» Task:
Reproduce, exactly and in full, only the lines below from the one containing "- object (902,492,917,503)" through the one containing "- blinds (257,215,590,618)".

» Recorded data:
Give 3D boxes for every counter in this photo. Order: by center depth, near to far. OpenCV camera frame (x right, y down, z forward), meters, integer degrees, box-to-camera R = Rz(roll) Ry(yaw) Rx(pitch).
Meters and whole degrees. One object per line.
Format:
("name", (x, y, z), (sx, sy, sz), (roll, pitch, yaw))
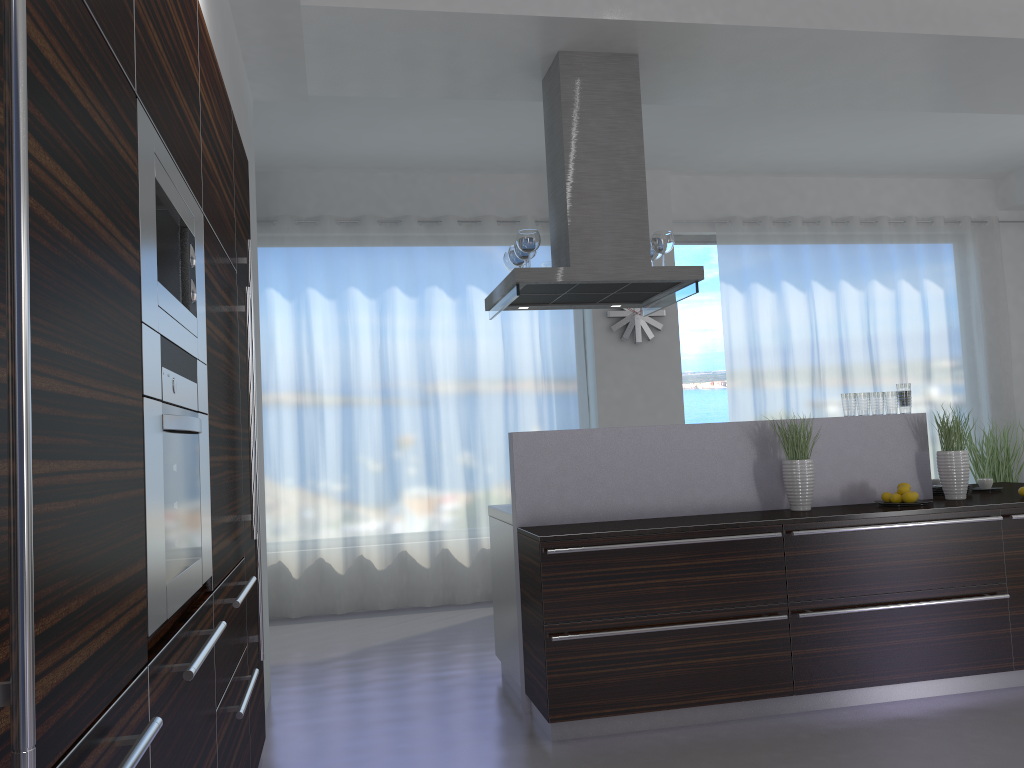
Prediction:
("counter", (1.612, 0.831, 4.639), (3.291, 1.300, 1.302), (-2, -4, -11))

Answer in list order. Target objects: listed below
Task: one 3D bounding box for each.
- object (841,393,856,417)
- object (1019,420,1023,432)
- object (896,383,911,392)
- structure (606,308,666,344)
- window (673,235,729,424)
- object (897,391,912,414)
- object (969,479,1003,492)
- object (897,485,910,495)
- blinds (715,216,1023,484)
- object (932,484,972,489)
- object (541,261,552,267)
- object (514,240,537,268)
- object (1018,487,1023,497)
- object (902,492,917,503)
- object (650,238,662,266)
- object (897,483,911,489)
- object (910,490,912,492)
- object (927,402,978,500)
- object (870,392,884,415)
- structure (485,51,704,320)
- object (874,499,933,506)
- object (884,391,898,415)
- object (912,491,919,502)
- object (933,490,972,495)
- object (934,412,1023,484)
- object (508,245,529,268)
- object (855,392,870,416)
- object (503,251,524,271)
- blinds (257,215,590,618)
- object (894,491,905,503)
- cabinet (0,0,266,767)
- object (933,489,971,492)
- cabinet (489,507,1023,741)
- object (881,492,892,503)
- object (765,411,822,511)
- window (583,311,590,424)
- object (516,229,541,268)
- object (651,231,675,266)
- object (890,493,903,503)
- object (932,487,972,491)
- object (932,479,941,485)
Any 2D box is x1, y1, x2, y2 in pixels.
("object", (1.744, 0.109, 4.592), (0.071, 0.119, 0.072), (-6, -5, 39))
("object", (4.702, 0.858, 7.555), (0.656, 1.334, 0.713), (-1, -4, -27))
("object", (2.059, 0.059, 4.657), (0.072, 0.119, 0.071), (-5, -4, 29))
("structure", (1.032, -0.583, 7.350), (0.505, 0.505, 0.076), (-2, -4, -11))
("window", (2.837, -0.105, 8.012), (3.000, 2.500, 0.100), (-2, -4, -11))
("object", (2.061, 0.097, 4.655), (0.072, 0.119, 0.071), (-5, -4, 29))
("object", (2.632, 0.563, 4.928), (0.153, 0.069, 0.153), (0, -5, -38))
("object", (1.906, 0.518, 4.317), (0.061, 0.047, 0.053), (-2, -4, -8))
("blinds", (3.236, 0.052, 7.849), (2.830, 3.112, 0.120), (-2, -4, -11))
("object", (2.188, 0.514, 4.914), (0.646, 0.147, 0.269), (-4, -4, 14))
("object", (0.240, -0.610, 5.128), (0.137, 0.174, 0.137), (-7, -5, 44))
("object", (0.075, -0.656, 4.683), (0.125, 0.221, 0.125), (-4, -4, 14))
("object", (2.562, 0.538, 4.423), (0.053, 0.051, 0.063), (1, -5, -42))
("object", (1.912, 0.548, 4.268), (0.070, 0.058, 0.060), (-2, -4, -12))
("object", (0.768, -0.679, 4.845), (0.125, 0.221, 0.125), (-4, -4, 14))
("object", (1.930, 0.510, 4.365), (0.063, 0.048, 0.053), (-7, -5, 45))
("object", (1.956, 0.550, 4.377), (0.051, 0.053, 0.063), (-5, -4, 29))
("object", (2.256, 0.332, 4.496), (0.247, 0.502, 0.269), (-5, -5, 32))
("object", (1.903, 0.103, 4.623), (0.072, 0.119, 0.071), (-5, -4, 29))
("structure", (0.382, -1.033, 4.895), (0.981, 1.231, 0.915), (-2, -4, -11))
("object", (1.905, 0.579, 4.318), (0.232, 0.020, 0.232), (-3, -4, -3))
("object", (1.982, 0.100, 4.639), (0.072, 0.119, 0.071), (-5, -4, 29))
("object", (1.951, 0.551, 4.319), (0.061, 0.054, 0.052), (0, -5, -34))
("object", (2.375, 0.595, 4.864), (0.232, 0.020, 0.232), (-3, -4, -3))
("object", (4.061, 0.879, 7.395), (0.713, 1.334, 0.656), (-2, -4, -11))
("object", (0.044, -0.644, 4.837), (0.125, 0.221, 0.125), (-4, -4, 14))
("object", (1.824, 0.106, 4.607), (0.072, 0.119, 0.071), (-5, -4, 29))
("object", (0.016, -0.632, 4.981), (0.125, 0.221, 0.125), (-4, -4, 14))
("blinds", (-0.947, 0.204, 7.018), (3.245, 3.112, 0.120), (-2, -4, -11))
("object", (1.907, 0.556, 4.357), (0.057, 0.060, 0.071), (-2, -4, -10))
("cabinet", (-0.994, 0.170, 1.874), (0.669, 2.500, 3.600), (-2, -4, -11))
("object", (2.375, 0.585, 4.864), (0.232, 0.020, 0.232), (-3, -4, -3))
("cabinet", (1.623, 1.053, 4.613), (3.285, 0.852, 1.377), (-2, -4, -11))
("object", (1.848, 0.558, 4.359), (0.061, 0.054, 0.052), (-6, -5, 36))
("object", (1.389, 0.362, 4.298), (0.269, 0.502, 0.247), (-2, -4, -11))
("window", (-0.839, 0.029, 7.281), (3.000, 2.500, 0.100), (-2, -4, -11))
("object", (0.087, -0.668, 4.507), (0.125, 0.221, 0.125), (-4, -4, 14))
("object", (0.800, -0.691, 4.691), (0.125, 0.221, 0.125), (-4, -4, 14))
("object", (1.867, 0.557, 4.306), (0.063, 0.051, 0.053), (-2, -4, -7))
("object", (2.374, 0.575, 4.865), (0.232, 0.020, 0.232), (-2, -4, -8))
("object", (2.456, 0.586, 5.135), (0.153, 0.069, 0.153), (-4, -4, 22))
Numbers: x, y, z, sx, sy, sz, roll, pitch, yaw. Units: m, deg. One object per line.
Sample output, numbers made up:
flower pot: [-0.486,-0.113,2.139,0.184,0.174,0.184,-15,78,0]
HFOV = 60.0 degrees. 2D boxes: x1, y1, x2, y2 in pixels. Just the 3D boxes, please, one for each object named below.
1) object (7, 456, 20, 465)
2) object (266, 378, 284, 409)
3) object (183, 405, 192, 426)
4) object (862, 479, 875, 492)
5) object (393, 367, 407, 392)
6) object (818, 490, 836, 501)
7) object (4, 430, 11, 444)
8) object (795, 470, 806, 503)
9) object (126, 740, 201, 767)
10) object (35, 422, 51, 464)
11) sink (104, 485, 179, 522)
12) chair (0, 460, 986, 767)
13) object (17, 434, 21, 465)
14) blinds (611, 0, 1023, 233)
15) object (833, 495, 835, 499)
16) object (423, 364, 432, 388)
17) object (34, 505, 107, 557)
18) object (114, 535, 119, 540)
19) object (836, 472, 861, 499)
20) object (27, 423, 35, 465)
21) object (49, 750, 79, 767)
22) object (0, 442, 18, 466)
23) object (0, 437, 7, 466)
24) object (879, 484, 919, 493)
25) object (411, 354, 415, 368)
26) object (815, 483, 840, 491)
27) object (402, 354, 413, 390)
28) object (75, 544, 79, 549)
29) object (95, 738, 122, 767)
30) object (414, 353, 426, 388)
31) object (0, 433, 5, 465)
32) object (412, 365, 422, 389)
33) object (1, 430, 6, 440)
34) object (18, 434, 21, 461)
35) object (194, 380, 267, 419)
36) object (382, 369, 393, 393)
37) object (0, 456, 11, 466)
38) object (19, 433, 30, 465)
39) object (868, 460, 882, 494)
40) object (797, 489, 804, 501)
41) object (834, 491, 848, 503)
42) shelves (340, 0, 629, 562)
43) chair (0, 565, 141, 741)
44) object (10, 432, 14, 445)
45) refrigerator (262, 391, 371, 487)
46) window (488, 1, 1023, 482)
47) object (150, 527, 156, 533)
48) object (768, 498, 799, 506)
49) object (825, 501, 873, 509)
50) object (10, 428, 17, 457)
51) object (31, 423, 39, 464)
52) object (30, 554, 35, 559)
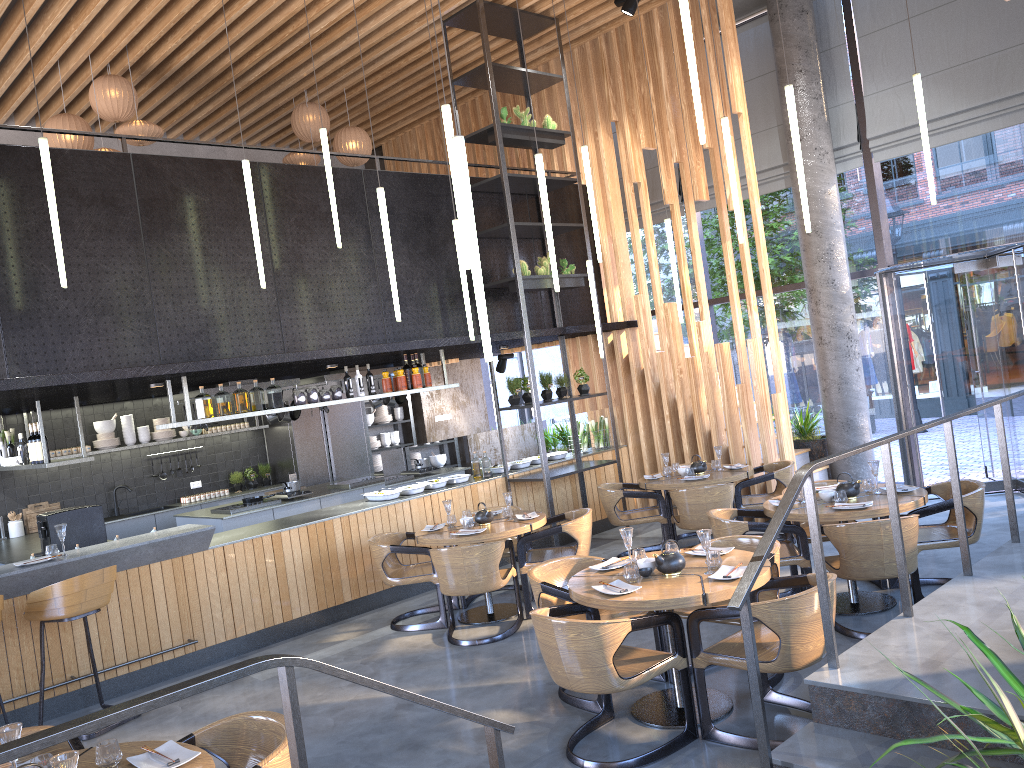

» Worked solution:
- object (902,492,917,503)
- object (650,238,662,266)
- object (897,483,911,489)
- object (910,490,912,492)
- object (927,402,978,500)
- object (870,392,884,415)
- structure (485,51,704,320)
- object (874,499,933,506)
- object (884,391,898,415)
- object (912,491,919,502)
- object (933,490,972,495)
- object (934,412,1023,484)
- object (508,245,529,268)
- object (855,392,870,416)
- object (503,251,524,271)
- blinds (257,215,590,618)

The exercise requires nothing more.